Khnopff's Caresses (1896) explores the sphinx's charm in ways the previous Decadent artists have not. The female sexual power is not overt in this sphinx, nor is the male weakness. Both of the faces are androgynous, the male is not particularly muscular, and the sphinx, though she does have her leonine body, does not show her breasts. However, this does not detract from the sphinx's power. The male appears in a trance as he looks to the distance. The sphinx's eyes have narrowed as she makes a preliminary caress across her prey's abdomen. She is still a powerful seductress — she has drawn ion her prey and is that much closer to having her feast.

In order to construct the Decadent sphinx, one must look at both the Egyptian and the Greek sphinxes and how the Decadents represent each. The Egyptian sphinx represents the enigma of human existence, from the presence of the idol from an ancient time. Its symbol gives the Decadents a comparison to the very finite span of a human lifetime. The Egyptian sphinx is a point for the questioning soul that represents a lifetime, an existence, and a meaning bigger than one's own. Meanwhile, the Greek sphinx takes on an entirely different power, one of brute strength, majesty, and sexuality. The Decadents find an intriguing subject in the danger, destruction, death, and suffering it represents — a raw force that puts puny mortal existence into perspective.

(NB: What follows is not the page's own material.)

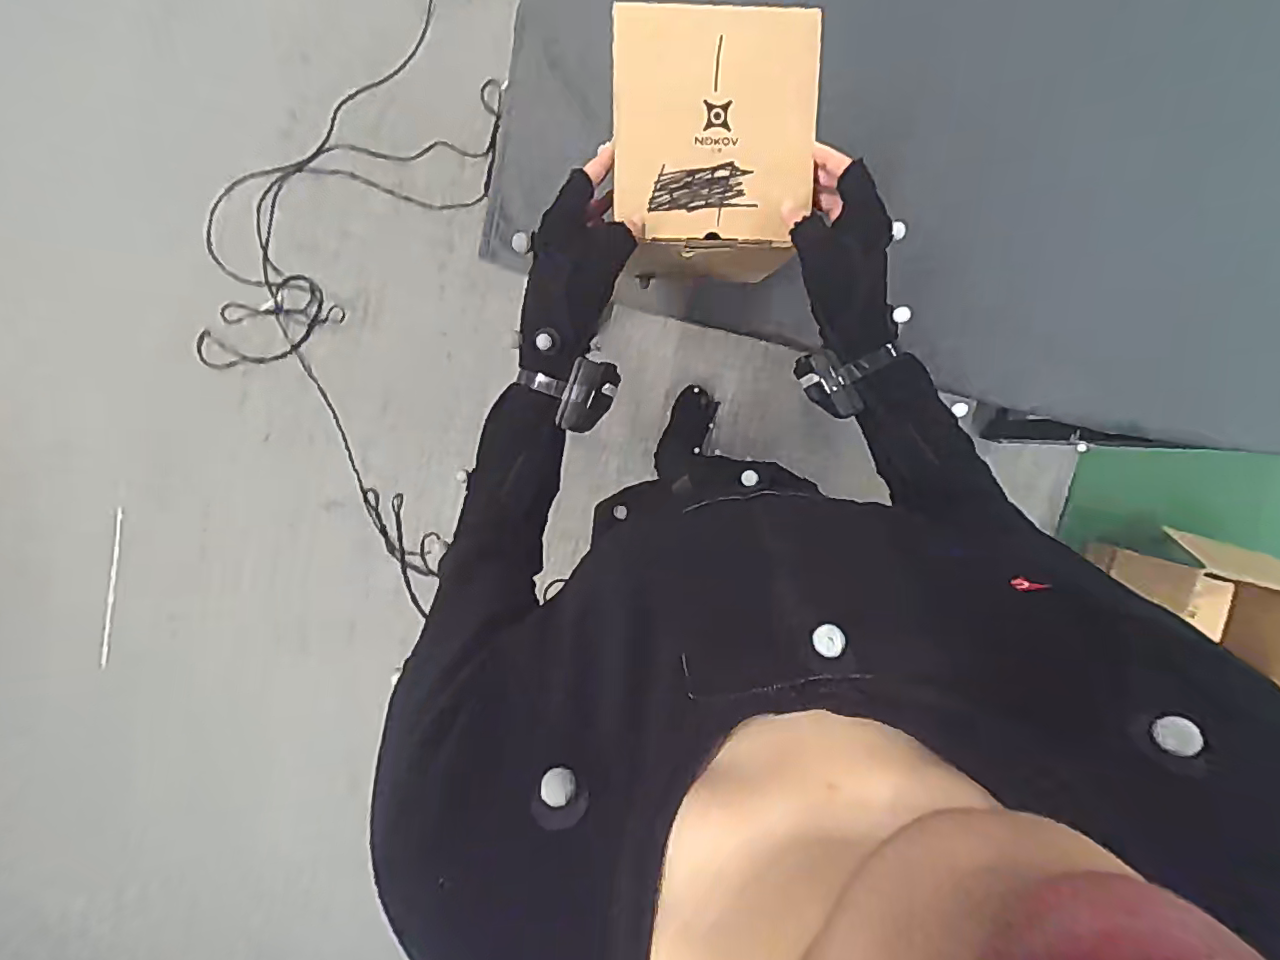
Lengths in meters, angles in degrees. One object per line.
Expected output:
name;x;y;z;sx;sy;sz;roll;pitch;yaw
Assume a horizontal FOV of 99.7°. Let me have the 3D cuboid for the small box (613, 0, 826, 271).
small box;0.060;-0.305;0.513;0.168;0.176;0.179;0;100;-2

From such diverse meanings, the sphinxes of two great ancient civilizations converge at Decadence. Combined, these two form the Decadent sphinx: the ultimate symbol of physical and existential power.

Sources

Jordan, Paul. Riddles of the Sphinx. New York: New York University Press, 1998.

Lenardon, Robert J. and Mark P. O. Morford. Classical Mythology 5th ed. White Plains: Longman, 1971.

Pinch, Geraldine. Handbook of Egyptian Mythology. Santa Barbara: ABC-CLIO, 2002.

Regier, William Goth. Book of the Sphinx. Lincoln: University of Nebraska Press, 2004.

Rich, Marjorie. "The imagination of Elihu Vedder--as revealed in his book illustrations. American Art Journal. 6.1 (May 1974): 39-41. http://www.jstor.org/stable/1593964?seq=2

The Pre-Raphaelites. London: Tate Gallery/Allen Tate, 1984.

Urban, Otto M. In Morbid Colours: Art and the Idea of Decadence in the Bohemian Lands, 1880-1914. Prague: Municipal House and Arbor Vitae Press, 2006.